Do you know why your priest postures change during the mass? Do you know why/when he faces East (the apse) and faces the people at the celebration? Have you (been) asked that question? In this piece, I will address some aspects of that very important theological question.
During the mass the priest’s posture changes alternatively between facing the people (“misa versus populum”) and facing the apse (“misa versus apsidem”) which is the East, front of the Church. What we do in the liturgy is a consequence of who and what we are before God. Since the human body shares in the dignity of the ‘image of God’, in the Liturgy the sanctification of the man is signified by signs perceptible to the senses, and is effected in a way which corresponds with each of these signs. That action is principally an exercise of the priestly office of Jesus Christ before the Father in heaven, while in the earthly liturgy we take part in a foretaste of that heavenly liturgy which is celebrated in the holy city of Jerusalem toward which we journey as pilgrims.

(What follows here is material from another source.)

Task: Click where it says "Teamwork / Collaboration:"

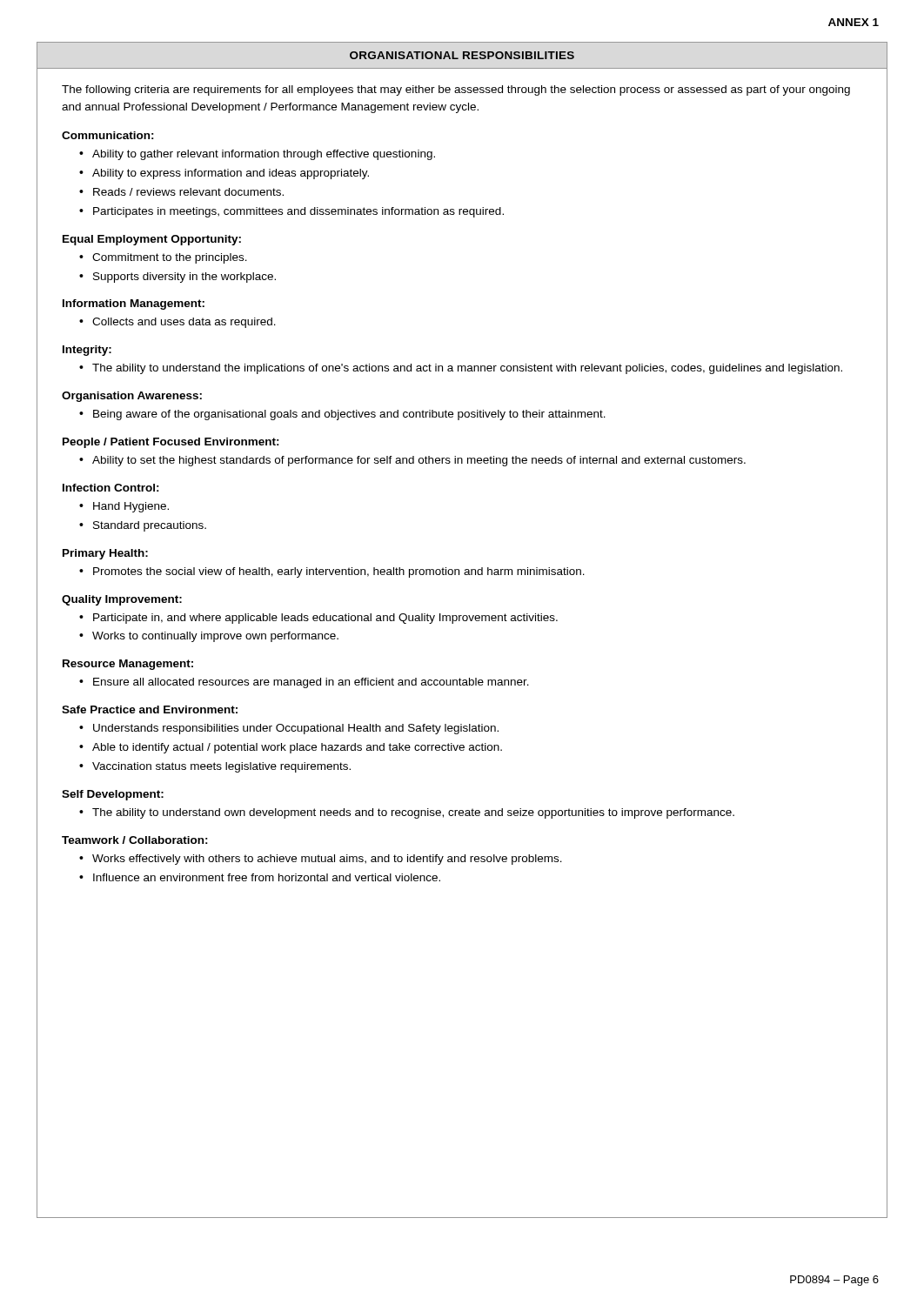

There are two primary ways in which Christians in their worship in the first centuries of the faith embodied this communal pilgrimage toward heaven:
* By facing one another for proclamation and dialogue; the priest in the first centuries’ era faced the people during the Liturgy of the Word so as to fulfill his role, which was to act “in the name of Christ” (in persona Christi), both when proclaiming the gospel to them and during those parts of the Mass when he prays in dialogue with them.
* By facing east for the Eucharistic prayer. Priests in the first centuries’ era almost universally faced east, the direction of rising sun, during the Eucharistic prayer, anticipating thereby the glory of Christ’s return to earth. In most churches, this also meant that they faced the apse, with the people. Acting again in persona Christi, priests embodied the fact that Christ the Priest became completely as one of us when he journeyed toward the cross and invited us to follow him.

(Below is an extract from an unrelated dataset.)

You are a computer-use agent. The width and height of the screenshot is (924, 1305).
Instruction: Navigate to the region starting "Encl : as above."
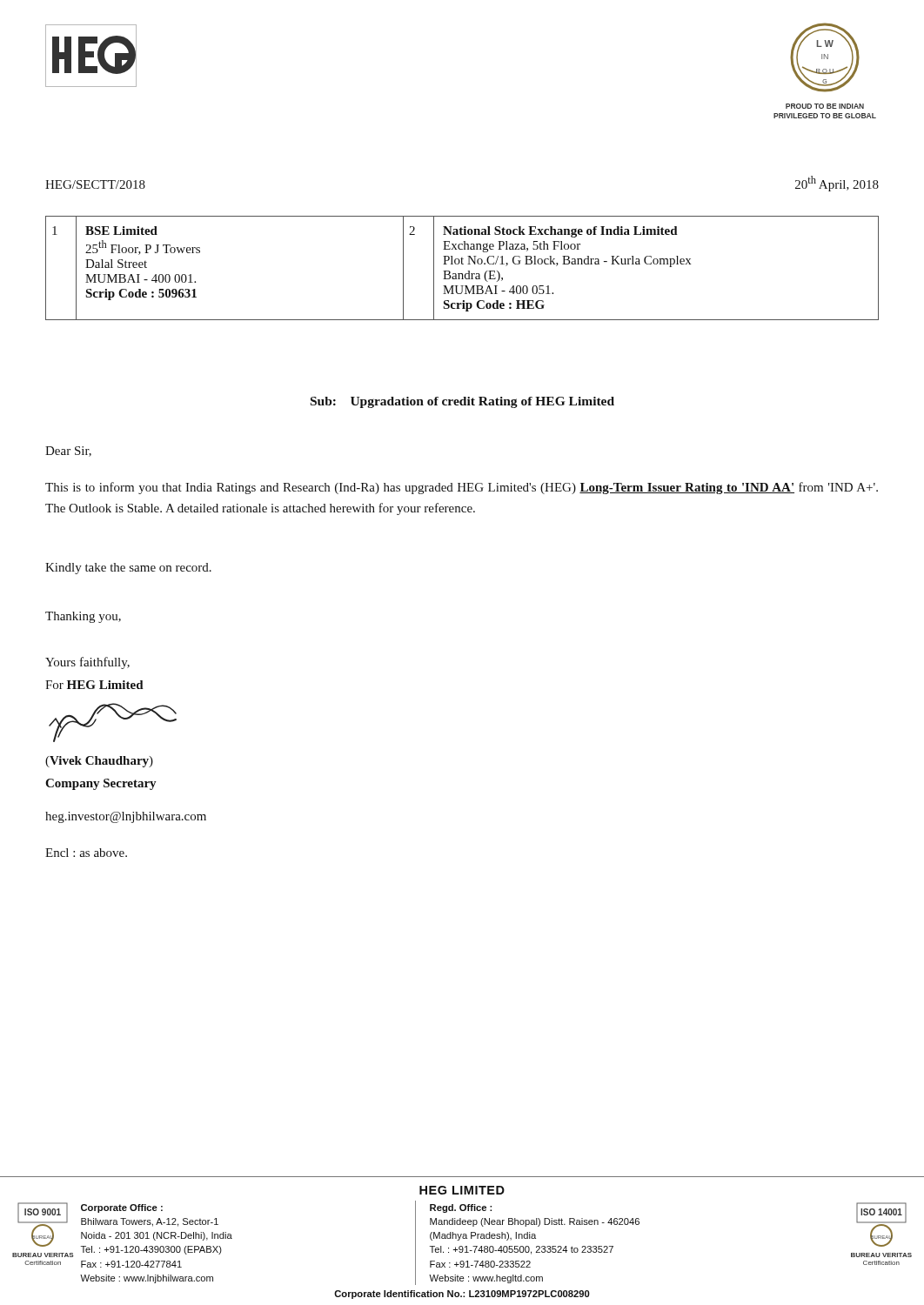pyautogui.click(x=87, y=853)

What we do in worship is a reflection of who we are — an understanding that the first Christians expressed through their liturgical posture. When the priest proclaims the readings versus populum, he embodies Christ as Prophet — something is lost when he proclaims the readings away from them, even if that posture has symbolic meaning. When he turns toward the people and leads them in dialogue, he embodies Christ as King — again, something is lost when he speaks to them without turning toward them, even if his posture versus apsidem has symbolic meaning.

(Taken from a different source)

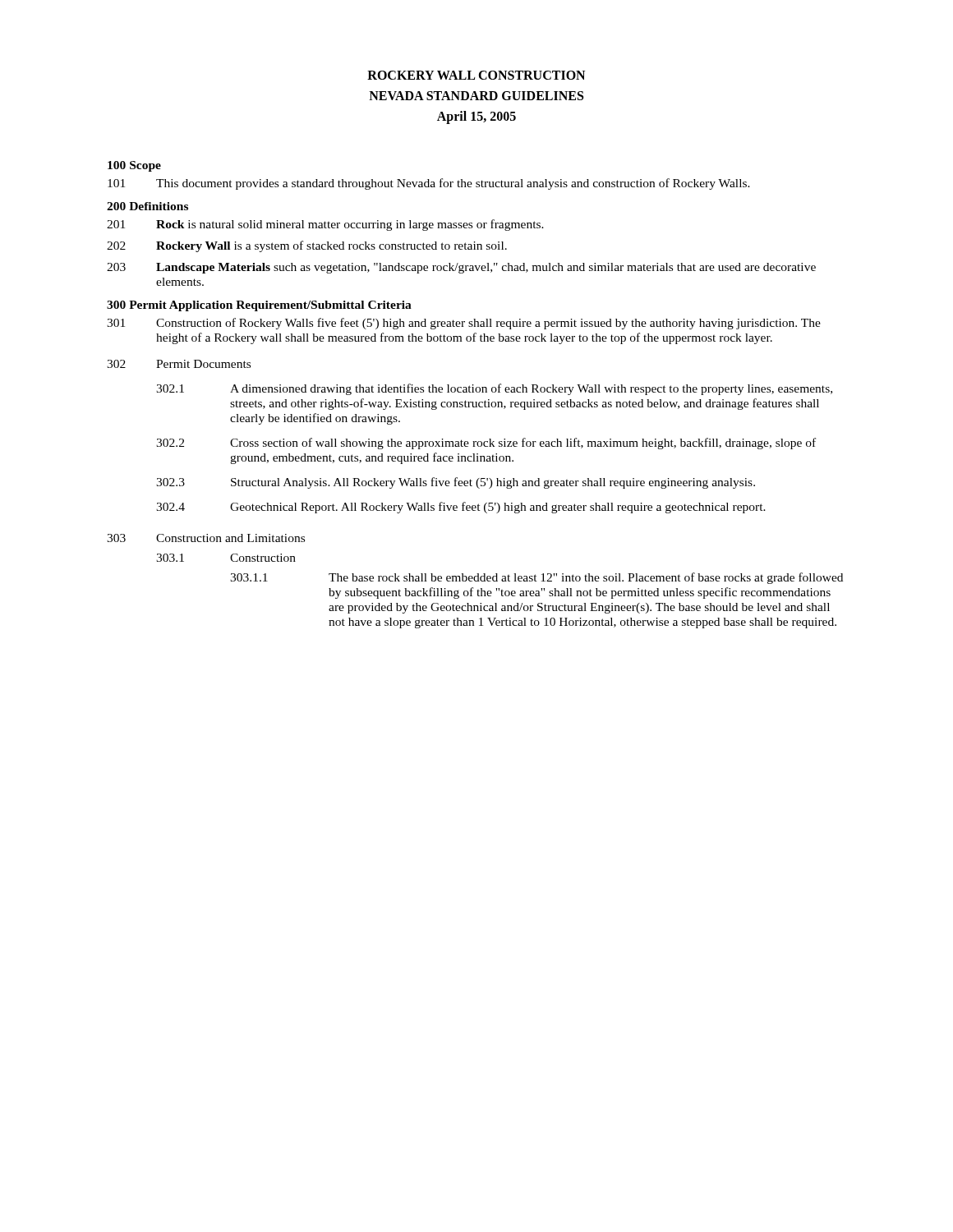
Task: Select the section header containing "200 Definitions"
Action: coord(148,206)

Yet unless the priest embodies the spiritual principle of turning versus Deum per Iesum Christum (turning to God through Jesus Christ), by assuming the same eastward posture as do the members of the congregation, then it becomes more difficult to see reflected in him the humility by which he embodies Christ as Priest, who, as Saint Anselm pointed out, can serve as our mediator precisely and only because he is fully one of us.
And he no longer necessarily faced east in expectation of the return of Christ. Instead, he always faced the apse, which was taken to represent the east, regardless of whether the church was so constructed that by celebrating versus apsidem he was facing literal, geographical east.